Mount Kumgang sword-headed pterosaur: The first discovery of a new specimen of a long-triangular fossil of the basal hyophoid bone

In the process of gradually shortening the pterosaur hyoid bone relative to its skull, the sail pterosaurs evolved a special Y-shaped hyoid bone, composed only of the horned hyoid bone, the front end gradually became thinner and sharper, no expansion, no basal hyoid bone. Previous researchers have believed that the two horned hyoid bones of this pterosaur were healed at the front end and may have a habit similar to that of chameleons popping out their tongues to prey. By observing the orthodontic specimen of the most representative of this type of hyoid bone, the Liaoxi Pterodactylosaurus and further repairing the hyoid bone of the orthodon specimen of nurhachiptera, which also belongs to the class of Sail Pterodactyl, it was found that the anterior end of the Y-shaped hyoid bone did not heal, but only two close together, and a careful comparison with the color-changing kewpaw also found that it was completely different from its powerful catapult structure, so the sail pterosaurs were not pterosaurs with insectivore habits like chameleons.
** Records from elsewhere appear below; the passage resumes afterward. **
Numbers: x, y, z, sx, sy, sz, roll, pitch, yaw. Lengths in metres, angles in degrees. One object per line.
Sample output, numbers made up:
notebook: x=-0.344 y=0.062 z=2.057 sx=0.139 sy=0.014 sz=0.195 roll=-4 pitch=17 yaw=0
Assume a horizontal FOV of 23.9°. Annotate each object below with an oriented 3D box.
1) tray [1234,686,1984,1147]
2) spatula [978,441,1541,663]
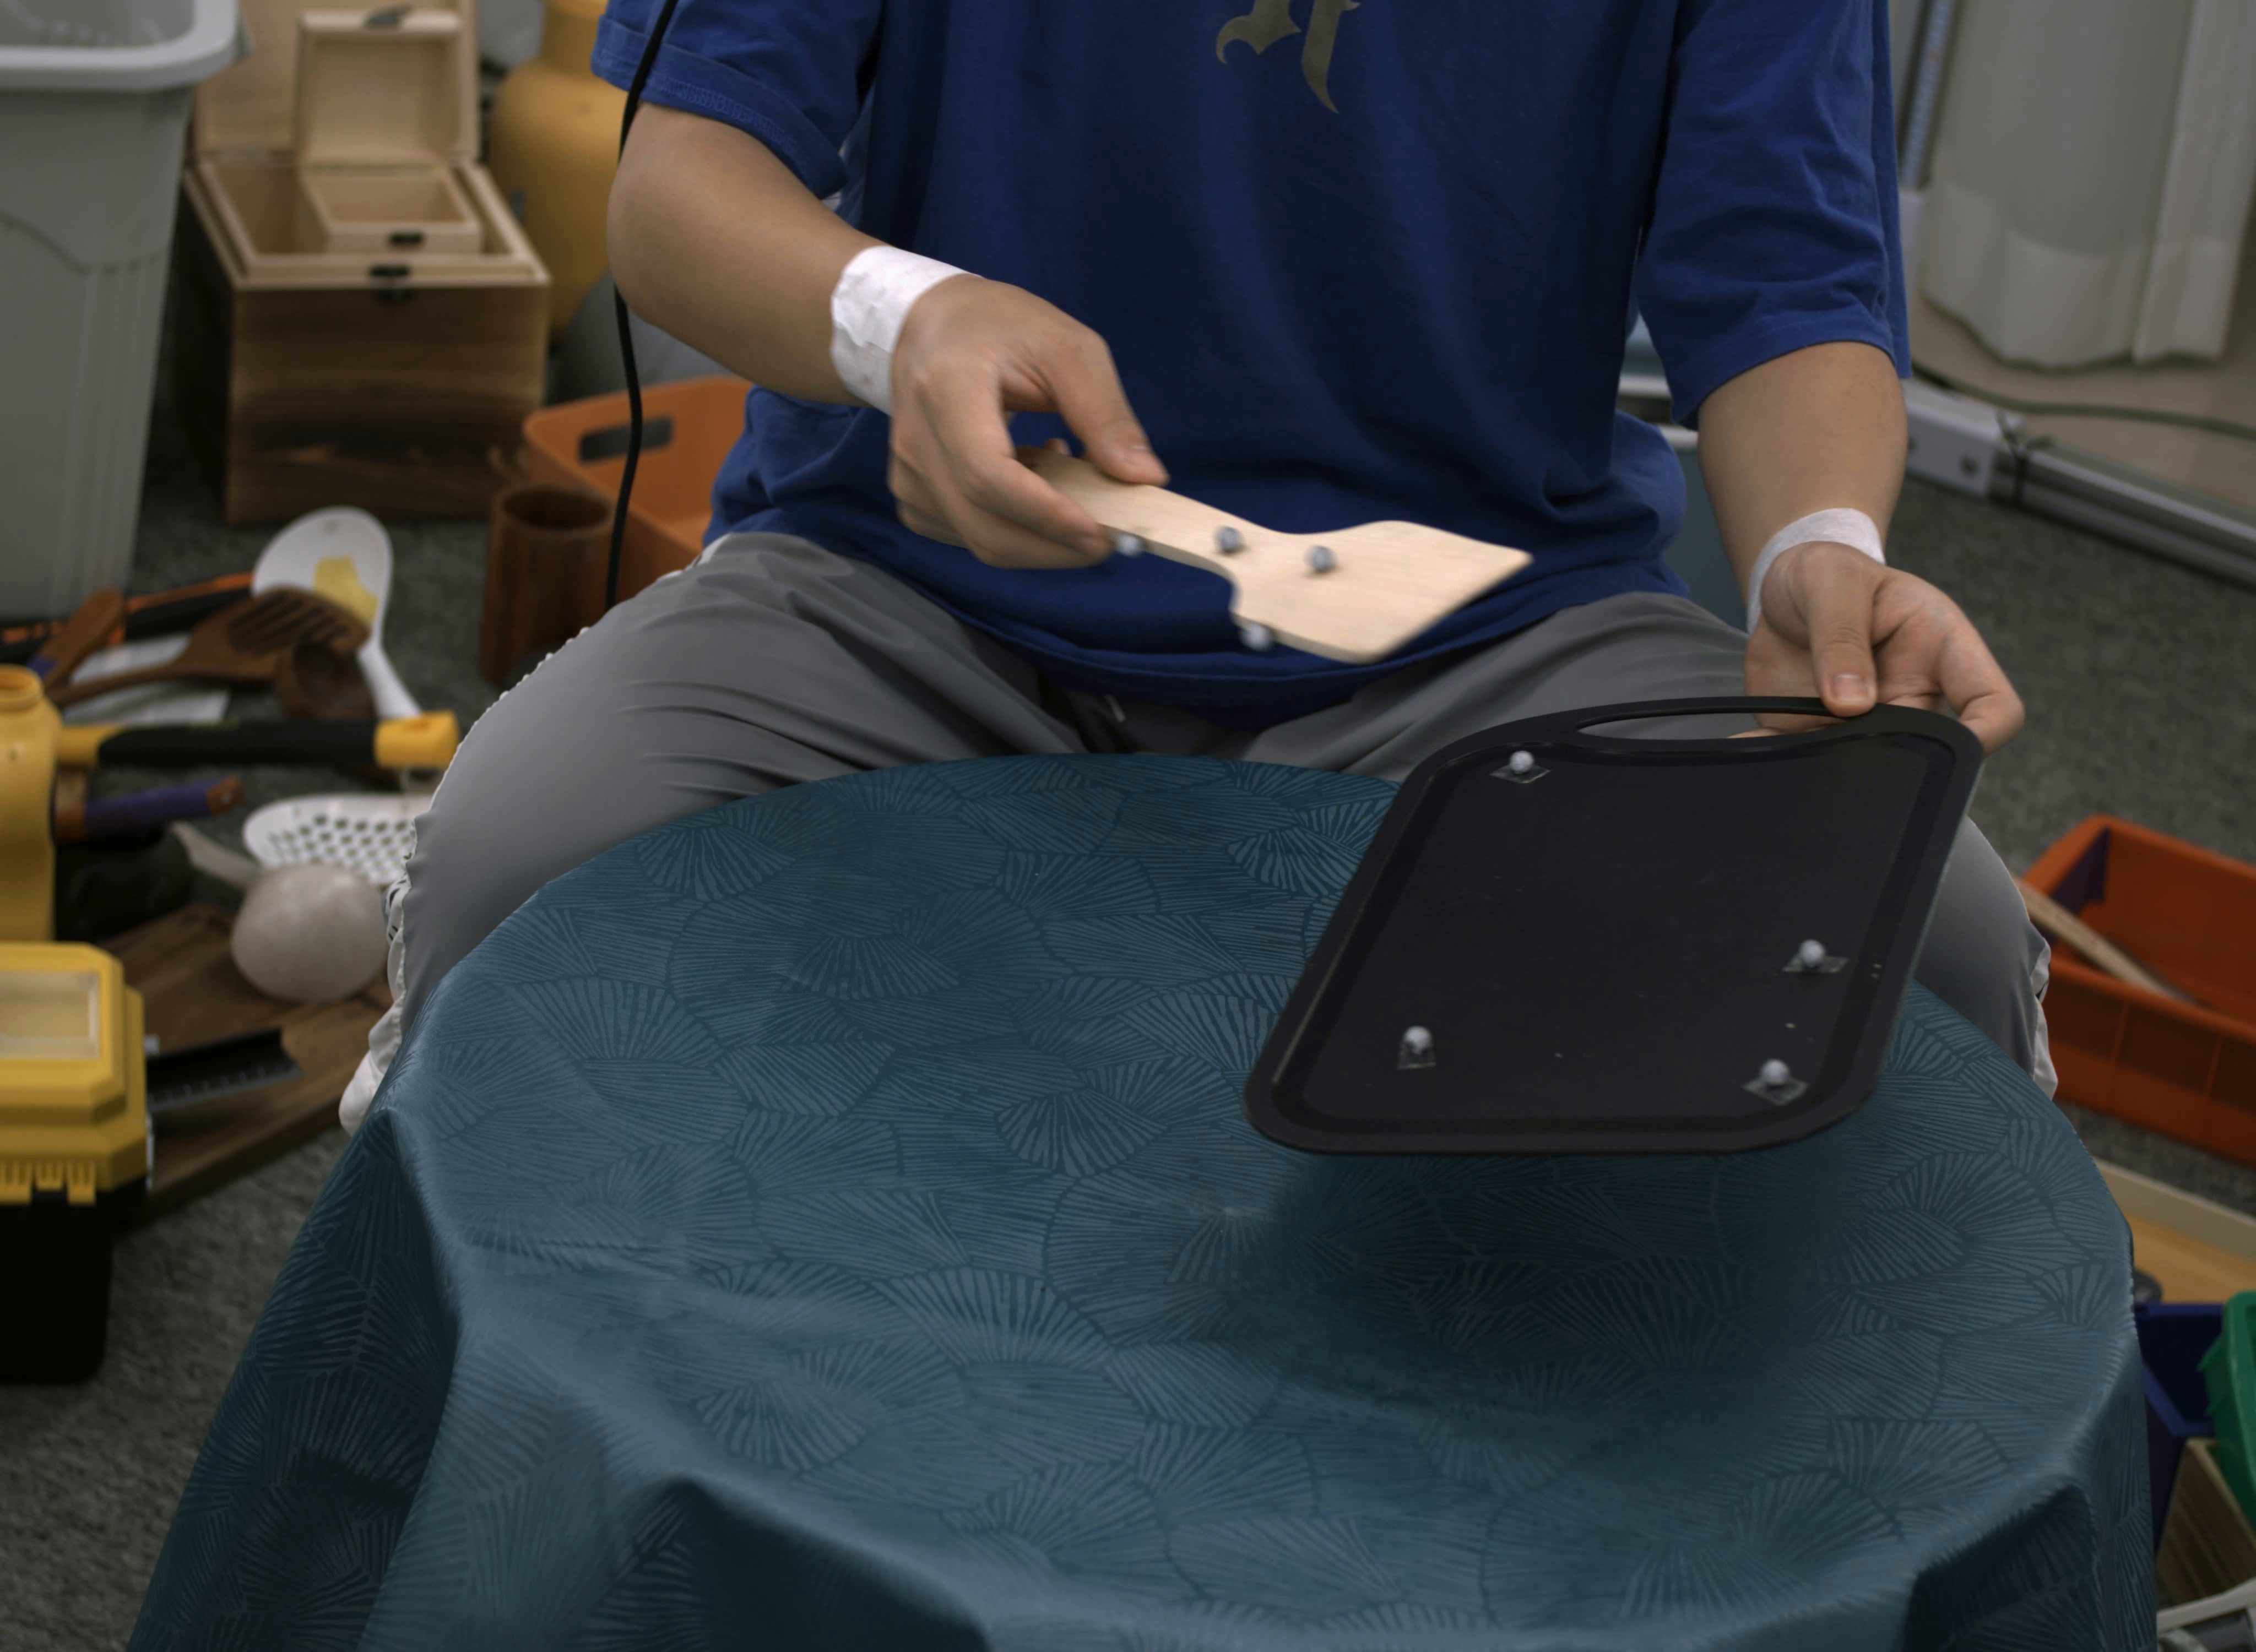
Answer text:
tray: x=0.168 y=0.024 z=1.796 sx=0.211 sy=0.010 sz=0.326 roll=-2 pitch=27 yaw=21
spatula: x=0.031 y=-0.099 z=1.830 sx=0.072 sy=0.010 sz=0.295 roll=-33 pitch=28 yaw=-22

In addition, the particularly elongated hyoid bones of the sail pterosaurs represent the muscles that cause the tongue to contract backwards compared to the shorter type (M. serpihyoideus and M. stylohyoideus) is longer and more developed, so the ability of these pterosaurs to transport food into the mouth is also more prominent. Features such as the lateral flattened diamond teeth of the sail pterosaurs and the posterior protrusion of the lower jaw also supported the previously thought scavenger lifestyle of the sail pterosaurs.